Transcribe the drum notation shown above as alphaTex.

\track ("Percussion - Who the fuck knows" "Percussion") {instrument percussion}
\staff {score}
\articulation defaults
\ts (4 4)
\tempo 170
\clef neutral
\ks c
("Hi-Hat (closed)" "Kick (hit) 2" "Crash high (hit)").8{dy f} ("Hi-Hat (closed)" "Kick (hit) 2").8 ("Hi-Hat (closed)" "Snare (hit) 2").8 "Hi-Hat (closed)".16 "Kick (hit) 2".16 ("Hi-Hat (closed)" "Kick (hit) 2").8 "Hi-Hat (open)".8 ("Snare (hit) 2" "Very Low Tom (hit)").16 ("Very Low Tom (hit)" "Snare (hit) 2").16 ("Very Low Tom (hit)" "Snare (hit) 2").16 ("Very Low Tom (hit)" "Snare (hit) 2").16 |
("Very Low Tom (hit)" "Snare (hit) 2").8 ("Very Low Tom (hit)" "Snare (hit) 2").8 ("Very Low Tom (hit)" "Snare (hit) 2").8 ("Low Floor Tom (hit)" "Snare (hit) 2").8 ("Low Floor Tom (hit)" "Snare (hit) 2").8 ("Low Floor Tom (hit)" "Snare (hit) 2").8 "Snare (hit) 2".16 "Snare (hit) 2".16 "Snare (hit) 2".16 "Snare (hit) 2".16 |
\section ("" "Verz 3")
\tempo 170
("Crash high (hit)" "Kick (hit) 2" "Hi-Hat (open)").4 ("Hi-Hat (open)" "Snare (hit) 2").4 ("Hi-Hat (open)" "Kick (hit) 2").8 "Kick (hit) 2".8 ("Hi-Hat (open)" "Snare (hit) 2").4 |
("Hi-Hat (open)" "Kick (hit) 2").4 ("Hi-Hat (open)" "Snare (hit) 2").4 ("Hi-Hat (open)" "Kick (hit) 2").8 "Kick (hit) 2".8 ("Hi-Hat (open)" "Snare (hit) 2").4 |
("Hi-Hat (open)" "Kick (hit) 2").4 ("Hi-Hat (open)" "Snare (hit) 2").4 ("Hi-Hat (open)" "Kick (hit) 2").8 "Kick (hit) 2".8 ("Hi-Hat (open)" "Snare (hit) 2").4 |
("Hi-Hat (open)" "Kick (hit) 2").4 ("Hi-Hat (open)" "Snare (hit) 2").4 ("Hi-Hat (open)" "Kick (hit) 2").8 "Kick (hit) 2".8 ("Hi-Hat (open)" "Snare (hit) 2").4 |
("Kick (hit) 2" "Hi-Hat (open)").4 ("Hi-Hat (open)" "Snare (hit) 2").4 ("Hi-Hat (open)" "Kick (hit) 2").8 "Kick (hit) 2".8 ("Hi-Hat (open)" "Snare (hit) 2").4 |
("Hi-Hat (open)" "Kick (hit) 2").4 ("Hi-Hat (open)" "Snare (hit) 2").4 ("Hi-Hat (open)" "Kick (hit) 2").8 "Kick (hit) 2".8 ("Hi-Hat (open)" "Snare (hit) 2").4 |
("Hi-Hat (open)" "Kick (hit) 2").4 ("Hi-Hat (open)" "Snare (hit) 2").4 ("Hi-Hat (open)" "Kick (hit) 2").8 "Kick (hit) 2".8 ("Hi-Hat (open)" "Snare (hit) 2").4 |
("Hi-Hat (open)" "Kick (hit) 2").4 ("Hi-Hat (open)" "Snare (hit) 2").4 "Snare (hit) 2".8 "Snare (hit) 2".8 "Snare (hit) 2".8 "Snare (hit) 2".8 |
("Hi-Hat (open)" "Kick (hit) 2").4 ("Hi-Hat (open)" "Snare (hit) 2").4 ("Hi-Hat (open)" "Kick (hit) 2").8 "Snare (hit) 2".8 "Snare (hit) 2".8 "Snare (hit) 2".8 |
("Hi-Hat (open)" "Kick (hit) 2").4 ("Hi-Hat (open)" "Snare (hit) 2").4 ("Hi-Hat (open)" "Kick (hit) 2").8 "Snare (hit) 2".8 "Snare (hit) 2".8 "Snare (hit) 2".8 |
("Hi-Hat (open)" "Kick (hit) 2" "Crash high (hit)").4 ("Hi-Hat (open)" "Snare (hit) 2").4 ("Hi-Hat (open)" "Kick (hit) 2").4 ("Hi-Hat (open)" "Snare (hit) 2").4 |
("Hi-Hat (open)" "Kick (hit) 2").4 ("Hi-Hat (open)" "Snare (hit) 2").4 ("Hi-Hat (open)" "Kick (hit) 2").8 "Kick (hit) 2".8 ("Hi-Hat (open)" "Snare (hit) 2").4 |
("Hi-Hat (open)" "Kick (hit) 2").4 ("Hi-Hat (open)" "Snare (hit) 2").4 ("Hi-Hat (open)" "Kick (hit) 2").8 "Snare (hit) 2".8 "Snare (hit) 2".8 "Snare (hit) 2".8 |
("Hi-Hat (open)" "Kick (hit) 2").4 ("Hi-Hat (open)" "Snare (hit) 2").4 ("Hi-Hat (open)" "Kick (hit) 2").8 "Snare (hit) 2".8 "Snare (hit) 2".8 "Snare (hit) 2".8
------
**Task goal:** Your task is to reproduce the whole listing exactly.

**Reply to the exercise:**
Transcribe the drum notation shown above as alphaTex.

\track ("Percussion - Who the fuck knows" "Percussion") {instrument percussion}
\staff {score}
\articulation defaults
\ts (4 4)
\tempo 170
\clef neutral
\ks c
("Hi-Hat (closed)" "Kick (hit) 2" "Crash high (hit)").8{dy f} ("Hi-Hat (closed)" "Kick (hit) 2").8 ("Hi-Hat (closed)" "Snare (hit) 2").8 "Hi-Hat (closed)".16 "Kick (hit) 2".16 ("Hi-Hat (closed)" "Kick (hit) 2").8 "Hi-Hat (open)".8 ("Snare (hit) 2" "Very Low Tom (hit)").16 ("Very Low Tom (hit)" "Snare (hit) 2").16 ("Very Low Tom (hit)" "Snare (hit) 2").16 ("Very Low Tom (hit)" "Snare (hit) 2").16 |
("Very Low Tom (hit)" "Snare (hit) 2").8 ("Very Low Tom (hit)" "Snare (hit) 2").8 ("Very Low Tom (hit)" "Snare (hit) 2").8 ("Low Floor Tom (hit)" "Snare (hit) 2").8 ("Low Floor Tom (hit)" "Snare (hit) 2").8 ("Low Floor Tom (hit)" "Snare (hit) 2").8 "Snare (hit) 2".16 "Snare (hit) 2".16 "Snare (hit) 2".16 "Snare (hit) 2".16 |
\section ("" "Verz 3")
\tempo 170
("Crash high (hit)" "Kick (hit) 2" "Hi-Hat (open)").4 ("Hi-Hat (open)" "Snare (hit) 2").4 ("Hi-Hat (open)" "Kick (hit) 2").8 "Kick (hit) 2".8 ("Hi-Hat (open)" "Snare (hit) 2").4 |
("Hi-Hat (open)" "Kick (hit) 2").4 ("Hi-Hat (open)" "Snare (hit) 2").4 ("Hi-Hat (open)" "Kick (hit) 2").8 "Kick (hit) 2".8 ("Hi-Hat (open)" "Snare (hit) 2").4 |
("Hi-Hat (open)" "Kick (hit) 2").4 ("Hi-Hat (open)" "Snare (hit) 2").4 ("Hi-Hat (open)" "Kick (hit) 2").8 "Kick (hit) 2".8 ("Hi-Hat (open)" "Snare (hit) 2").4 |
("Hi-Hat (open)" "Kick (hit) 2").4 ("Hi-Hat (open)" "Snare (hit) 2").4 ("Hi-Hat (open)" "Kick (hit) 2").8 "Kick (hit) 2".8 ("Hi-Hat (open)" "Snare (hit) 2").4 |
("Kick (hit) 2" "Hi-Hat (open)").4 ("Hi-Hat (open)" "Snare (hit) 2").4 ("Hi-Hat (open)" "Kick (hit) 2").8 "Kick (hit) 2".8 ("Hi-Hat (open)" "Snare (hit) 2").4 |
("Hi-Hat (open)" "Kick (hit) 2").4 ("Hi-Hat (open)" "Snare (hit) 2").4 ("Hi-Hat (open)" "Kick (hit) 2").8 "Kick (hit) 2".8 ("Hi-Hat (open)" "Snare (hit) 2").4 |
("Hi-Hat (open)" "Kick (hit) 2").4 ("Hi-Hat (open)" "Snare (hit) 2").4 ("Hi-Hat (open)" "Kick (hit) 2").8 "Kick (hit) 2".8 ("Hi-Hat (open)" "Snare (hit) 2").4 |
("Hi-Hat (open)" "Kick (hit) 2").4 ("Hi-Hat (open)" "Snare (hit) 2").4 "Snare (hit) 2".8 "Snare (hit) 2".8 "Snare (hit) 2".8 "Snare (hit) 2".8 |
("Hi-Hat (open)" "Kick (hit) 2").4 ("Hi-Hat (open)" "Snare (hit) 2").4 ("Hi-Hat (open)" "Kick (hit) 2").8 "Snare (hit) 2".8 "Snare (hit) 2".8 "Snare (hit) 2".8 |
("Hi-Hat (open)" "Kick (hit) 2").4 ("Hi-Hat (open)" "Snare (hit) 2").4 ("Hi-Hat (open)" "Kick (hit) 2").8 "Snare (hit) 2".8 "Snare (hit) 2".8 "Snare (hit) 2".8 |
("Hi-Hat (open)" "Kick (hit) 2" "Crash high (hit)").4 ("Hi-Hat (open)" "Snare (hit) 2").4 ("Hi-Hat (open)" "Kick (hit) 2").4 ("Hi-Hat (open)" "Snare (hit) 2").4 |
("Hi-Hat (open)" "Kick (hit) 2").4 ("Hi-Hat (open)" "Snare (hit) 2").4 ("Hi-Hat (open)" "Kick (hit) 2").8 "Kick (hit) 2".8 ("Hi-Hat (open)" "Snare (hit) 2").4 |
("Hi-Hat (open)" "Kick (hit) 2").4 ("Hi-Hat (open)" "Snare (hit) 2").4 ("Hi-Hat (open)" "Kick (hit) 2").8 "Snare (hit) 2".8 "Snare (hit) 2".8 "Snare (hit) 2".8 |
("Hi-Hat (open)" "Kick (hit) 2").4 ("Hi-Hat (open)" "Snare (hit) 2").4 ("Hi-Hat (open)" "Kick (hit) 2").8 "Snare (hit) 2".8 "Snare (hit) 2".8 "Snare (hit) 2".8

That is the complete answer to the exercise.